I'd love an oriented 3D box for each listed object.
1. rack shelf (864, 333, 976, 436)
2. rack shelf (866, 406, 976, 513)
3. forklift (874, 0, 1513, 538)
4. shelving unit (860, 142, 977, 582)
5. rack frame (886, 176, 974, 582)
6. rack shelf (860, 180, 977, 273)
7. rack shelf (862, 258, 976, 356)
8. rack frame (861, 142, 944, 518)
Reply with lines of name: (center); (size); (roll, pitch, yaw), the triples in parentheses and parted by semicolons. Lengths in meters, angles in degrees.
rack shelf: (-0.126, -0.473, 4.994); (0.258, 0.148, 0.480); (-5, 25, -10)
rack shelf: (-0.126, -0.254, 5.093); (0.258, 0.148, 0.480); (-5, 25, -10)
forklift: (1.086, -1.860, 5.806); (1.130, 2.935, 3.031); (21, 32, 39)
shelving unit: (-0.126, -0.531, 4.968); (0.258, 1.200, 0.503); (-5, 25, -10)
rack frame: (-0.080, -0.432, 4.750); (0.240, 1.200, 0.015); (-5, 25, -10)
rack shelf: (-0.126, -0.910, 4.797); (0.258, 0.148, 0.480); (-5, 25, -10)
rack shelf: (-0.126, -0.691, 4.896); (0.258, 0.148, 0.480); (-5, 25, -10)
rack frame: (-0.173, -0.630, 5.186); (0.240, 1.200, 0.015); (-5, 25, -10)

###

■ Assignment:
Every line above from the line with "3. forklift (874, 0, 1513, 538)" to the line with "8. rack frame (861, 142, 944, 518)", both included, must be reproduced exactly, and no other line may appear.

■ Your solution:
3. forklift (874, 0, 1513, 538)
4. shelving unit (860, 142, 977, 582)
5. rack frame (886, 176, 974, 582)
6. rack shelf (860, 180, 977, 273)
7. rack shelf (862, 258, 976, 356)
8. rack frame (861, 142, 944, 518)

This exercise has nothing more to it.